La méthode de Raffinement-Déraffinement [Hadoush et al.08] consiste à adapter le maillage par rapport à la déformation imposée. Le maillage est raffiné dans la zone déformée et déraffiné dans la zone qui demande moins de précision, comme le montrent les Figures 1-5 et 1-6. Un inconvénient de cette méthode est qu’elle ne conserve pas avec précision l’histoire des variables cumulées en fonction du temps. Lorsque le raffinement de maillage se déplace, les gradients de déformation calculés ne peuvent être stockés avec la même précision sur une partie déraffinée du maillage. Les auteurs appliquent la méthode au même procédé de formage incrémental (Figure 1-4). Ils obtiennent une accélération égale à 2.

La méthode Multigrilles localisée

La méthode Multigrilles localisée dérive de la méthode Multigrilles. Elle est utilisée pour les calculs des phénomènes localisés tels que la propagation des fissures [Rannou et al.07], [Rannou et al.10]. Le maillage de base étant grossier, on définit des grilles de plus en plus fines dans la zone où la déformation est localisée (Figure 1-7). On résout le problème sur les différents niveaux de grilles (Figure 1-8) et on passe d’un niveau à un autre en définissant des opérateurs de transport semblables à ceux d’une méthode Multigrilles normale. La limitation principale d’une telle approche est la difficulté de l’appliquer à des problèmes de plasticité où on utilise généralement des maillages non structurés et des formulations éléments finis devant satisfaire des conditions de compatibilité de sorte que la procédure de raffinement des grilles est beaucoup plus difficile à mettre en œuvre. Une autre limitation est que le maillage principal est un maillage déraffiné, ce qui pose un problème dans les applications couplées dont l’une des physiques n’est pas localisée ; par exemple la thermique, dans le cas de martelage, évolue sur tout le maillage et n’est pas spécialement localisée dans la zone de déformation. Dans ce cas, la résolution thermique serait faite sur le maillage déraffiné ce qui réduirait la précision du calcul.

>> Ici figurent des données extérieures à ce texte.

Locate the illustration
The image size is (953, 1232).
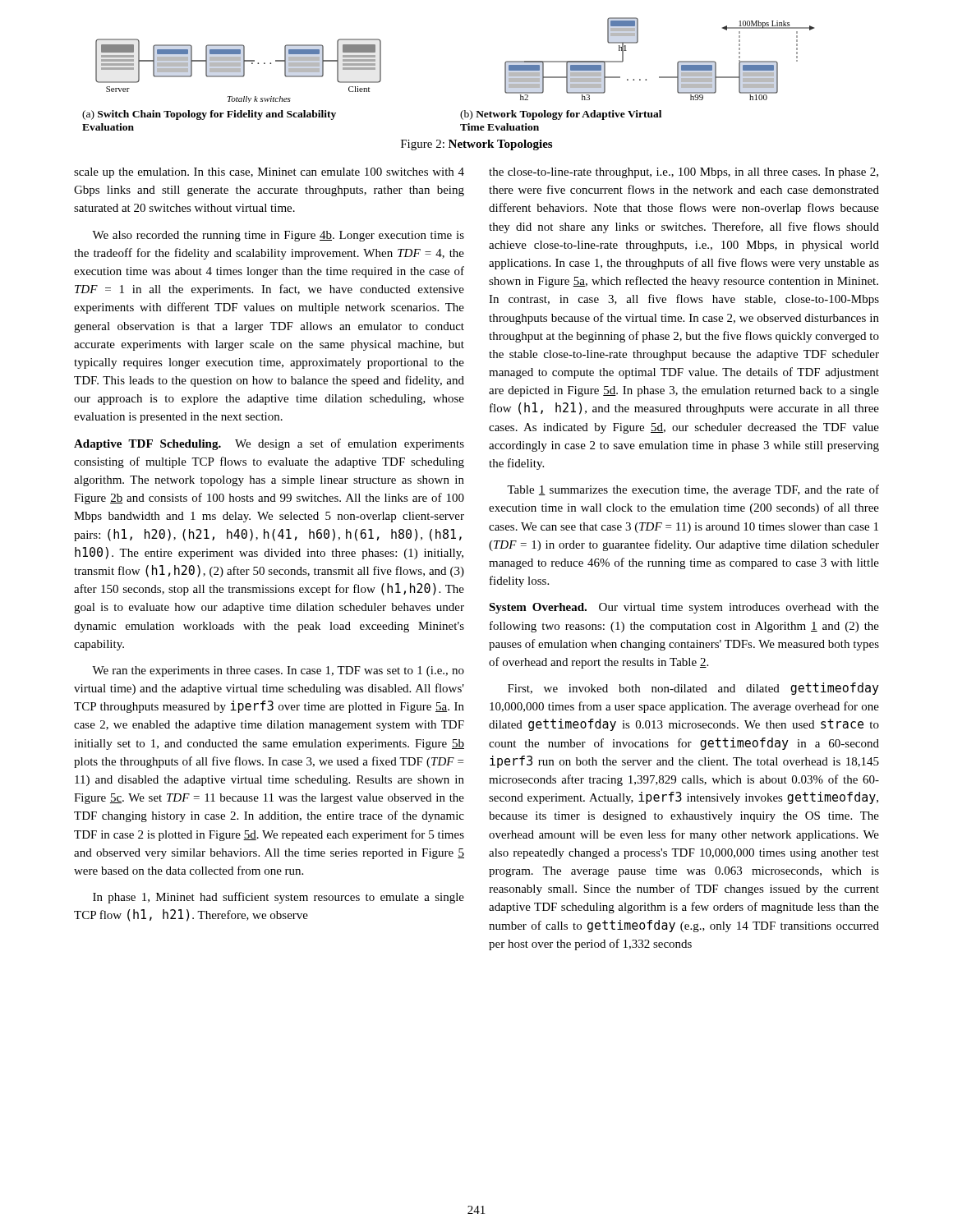476,60

Les méthodes avec maillage de stockage 

À l’origine, ce type de méthode est proposé pour surmonter le problème de la perte de l’histoire qui se produit lorsqu’on applique les méthodes de déraffinement de maillage pour les procédés incrémentaux. L’idée est d’ajouter un maillage de stockage pour conserver avec précision les variables cumulées en fonction du temps, telles que la déformation généralisée ε , lorsque la configuration évolue après déplacement des outils ou du domaine. La première publication rencontrée utilisant cette idée est [Kim et al.90], pour le procédé de laminage circulaire. Elle consiste à définir deux maillages (Figure 1-9) :

– AMS (Actualy Rotating Mesh System) ou système de maillage effectivement en rotation :

Ce maillage est lié à la pièce. Il est entièrement raffiné et sert à stocker les résultats obtenus par le maillage SMS, tels que les coordonnées des nœuds, l’histoire des variables cumulées…Ce maillage est actualisé (en rotation et en déformation) à partir du champ de vitesses calculé sur le maillage SMS.

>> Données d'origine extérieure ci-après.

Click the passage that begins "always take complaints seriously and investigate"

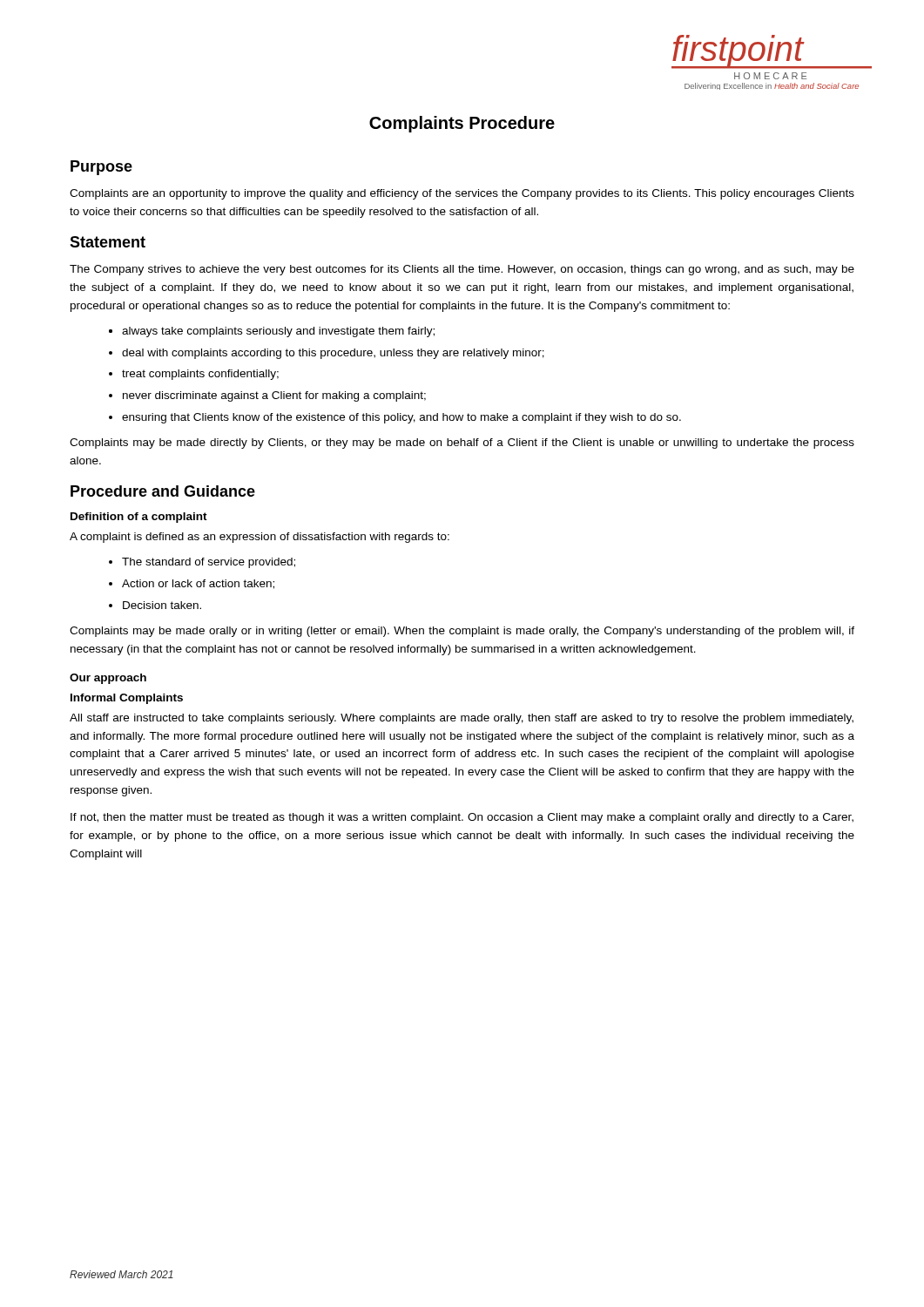pos(278,332)

– SMS (Spatialy Fixed Mesh System) ou système de maillage spatialement fixe :

Ce maillage est fixe en rotation dans l’espace. Il est adapté à la résolution, c’est à dire qu’il est raffiné dans la zone de contact avec les outils et déraffiné ailleurs. Il est utilisé pour faire le calcul des champs mécaniques dont les résultats seront interpolés sur le maillage AMS. Le fait d’effectuer le calcul sur le maillage déraffiné (qui a moins de degrés de liberté) produit une accélération des calculs. L’algorithme de la méthode est donné sur la Figure 1-10. Cette approche est aussi utilisée dans [Yea et al.03] pour le même type de procédé. Bien que cette méthode soit meilleure que les méthodes qui utilisent un seul maillage, on peut remarquer que :
– Le maillage de stockage n’est pas remaillé
– Les variables qui nécessitent d’être calculées avec un maillage uniforme (par exemple la température) ne sont pas obtenues avec précision puisque le calcul est fait sur un maillage déraffiné.
– La zone de déformation (= zone de contact avec les outils) n’est pas la même dans les deux maillages, ce qui produit des erreurs d’interpolation des résultats du maillage fin vers le maillage déraffiné. Notons que c’est cependant la zone qui demande le maximum de précision.

Dans [Hu et al.94], on utilise cette méthode [Kim et al.90], en introduisant une amélioration qui est que le maillage déraffiné (SMS) est entièrement inclus dans le maillage fin (AMS). C’est-à-dire que tous les nœuds du maillage déraffiné sont aussi des nœuds du maillage fin. Cette amélioration augmente la précision du calcul, car la zone de déformation est la même pour les deux maillages (Figure 1-11) ce qui élimine les erreurs d’interpolation dans cette zone. Les auteurs appliquent la méthode au laminage circulaire. Cette nouvelle « version » de la méthode est aussi utilisée dans [Lim et al.98] pour le même procédé. Dans [Keun Moon et al.08], les auteurs proposent de faire un calcul élément fini élastique à l’extérieur de la zone de déformation du maillage fin plutôt qu’une interpolation à partir du maillage déraffiné. Dans [Barton et al.07] et [Hirt et al.07], les auteurs proposent de transporter les variations des variables entre les deux maillages plutôt que les variables elles mêmes, pour diminuer l’erreur causée par le transport direct des variables.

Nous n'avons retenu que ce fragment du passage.